Dataset extract -
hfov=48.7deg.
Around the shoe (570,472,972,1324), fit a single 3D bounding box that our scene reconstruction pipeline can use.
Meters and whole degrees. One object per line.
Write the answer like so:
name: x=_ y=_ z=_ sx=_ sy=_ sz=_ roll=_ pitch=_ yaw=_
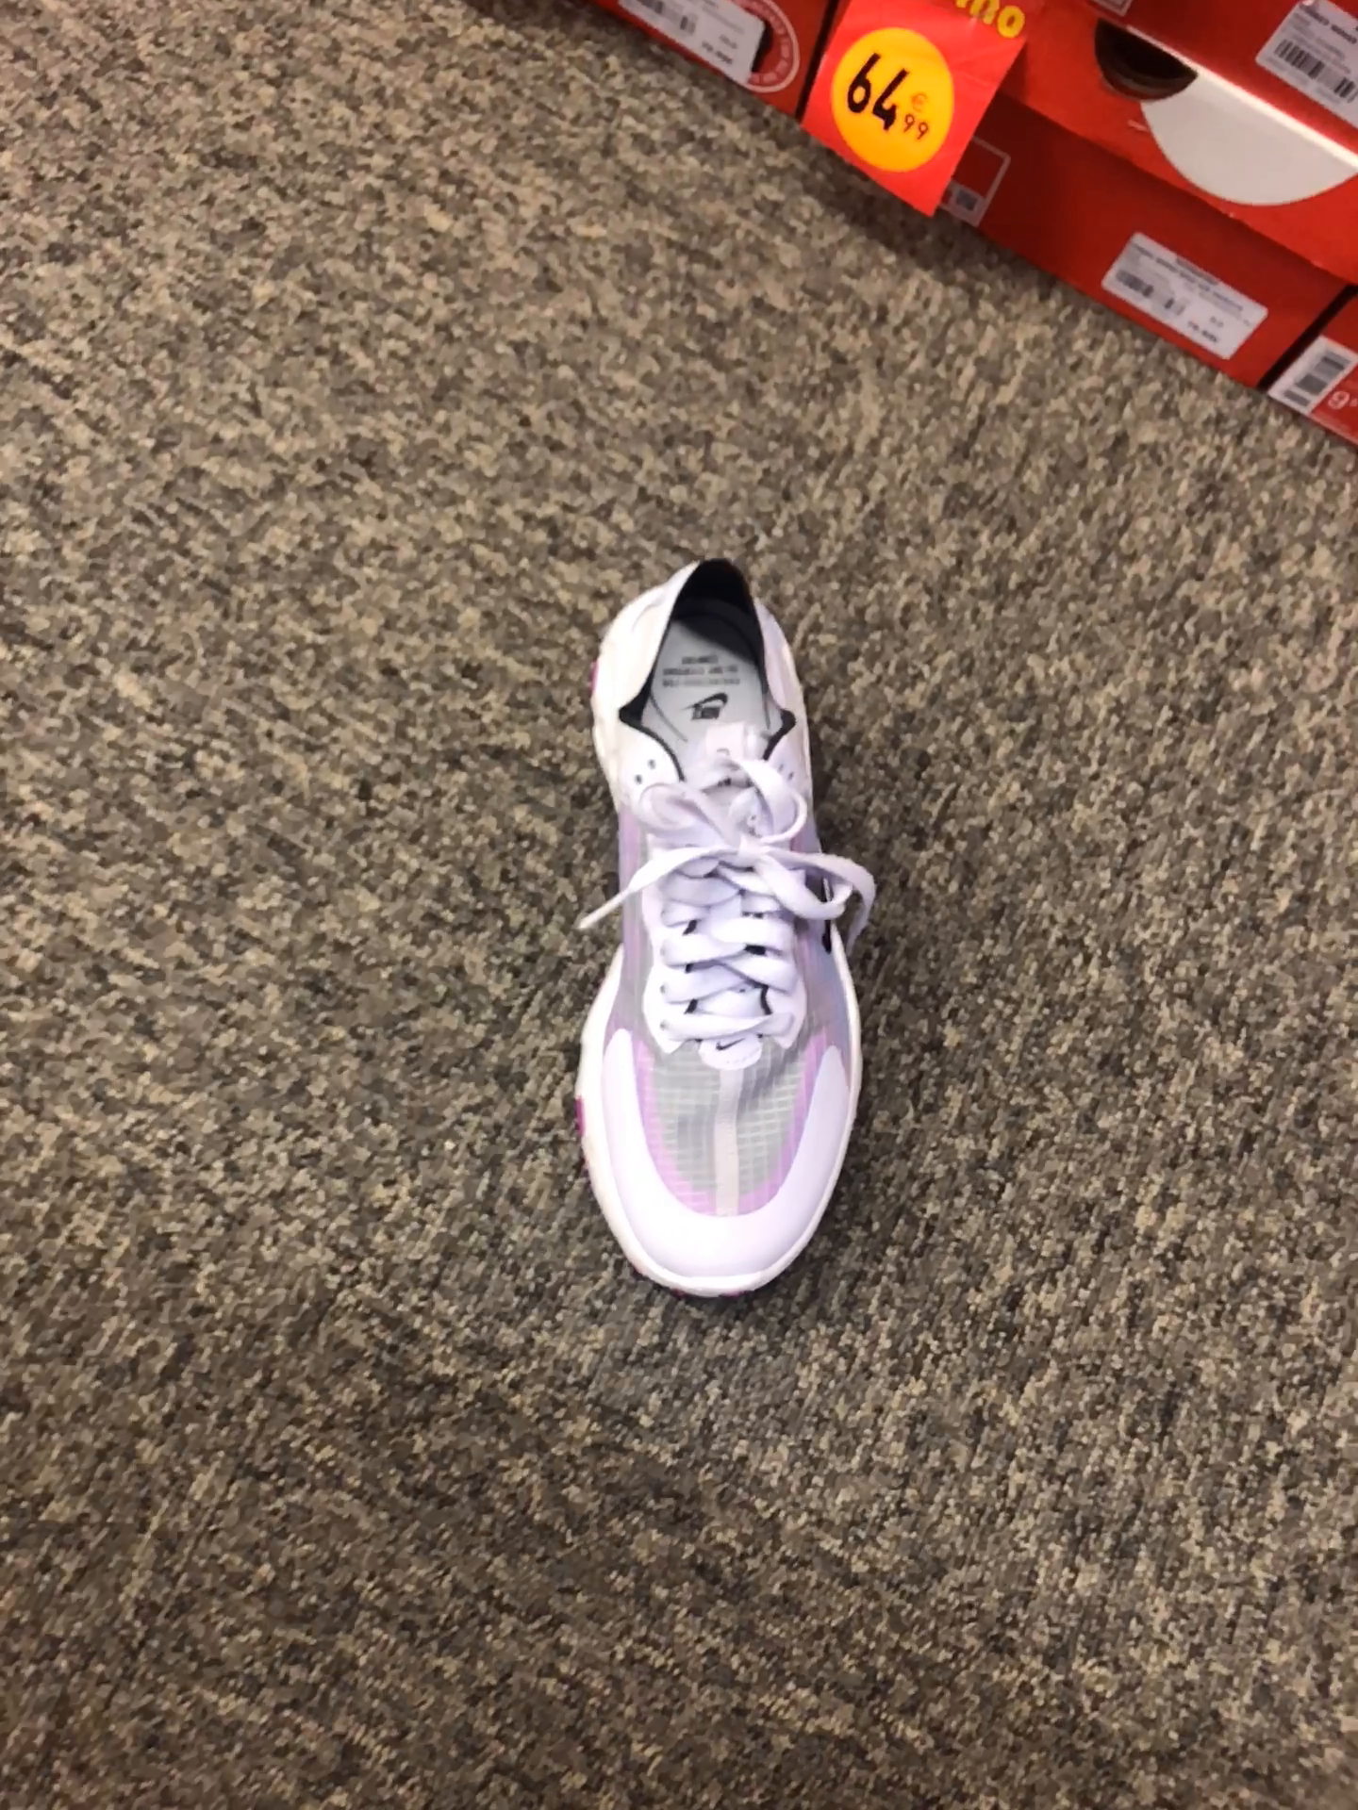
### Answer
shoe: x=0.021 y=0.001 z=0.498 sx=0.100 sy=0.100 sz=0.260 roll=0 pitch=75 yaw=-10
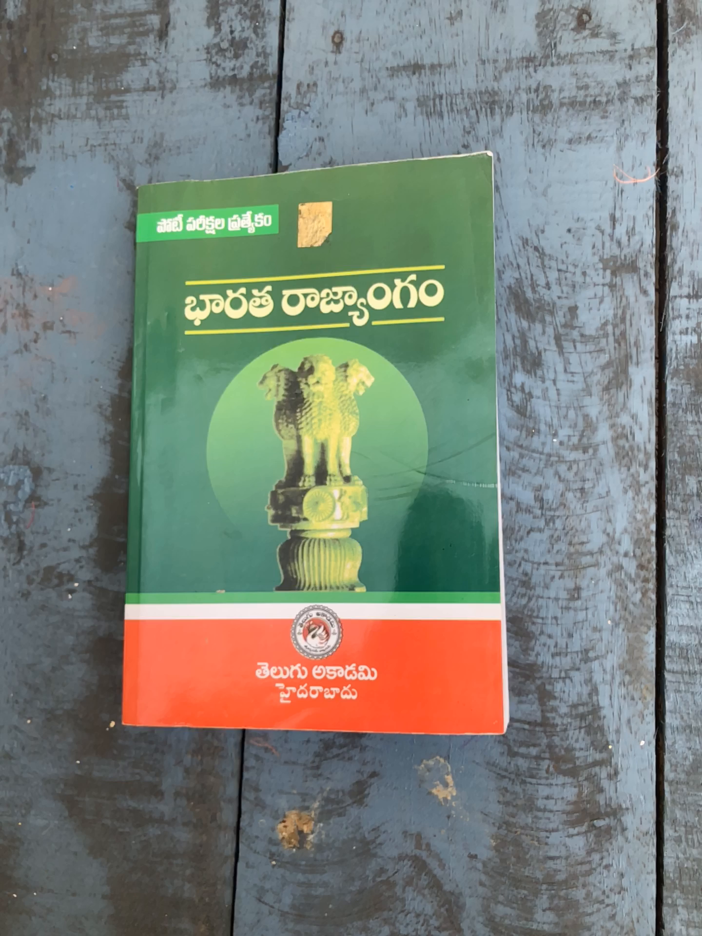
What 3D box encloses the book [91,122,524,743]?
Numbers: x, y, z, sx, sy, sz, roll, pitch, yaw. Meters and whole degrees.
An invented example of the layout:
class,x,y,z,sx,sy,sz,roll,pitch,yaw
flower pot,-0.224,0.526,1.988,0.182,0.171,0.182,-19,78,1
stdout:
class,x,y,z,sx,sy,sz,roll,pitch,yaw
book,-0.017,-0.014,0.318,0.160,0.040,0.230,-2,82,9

Your objective -
For the word "whole", find every line in the data that holds it and copy that line.

Exercise solution -
Meters and whole degrees. One object per line.
Numbers: x, y, z, sx, sy, sz, roll, pitch, yaw. Meters and whole degrees.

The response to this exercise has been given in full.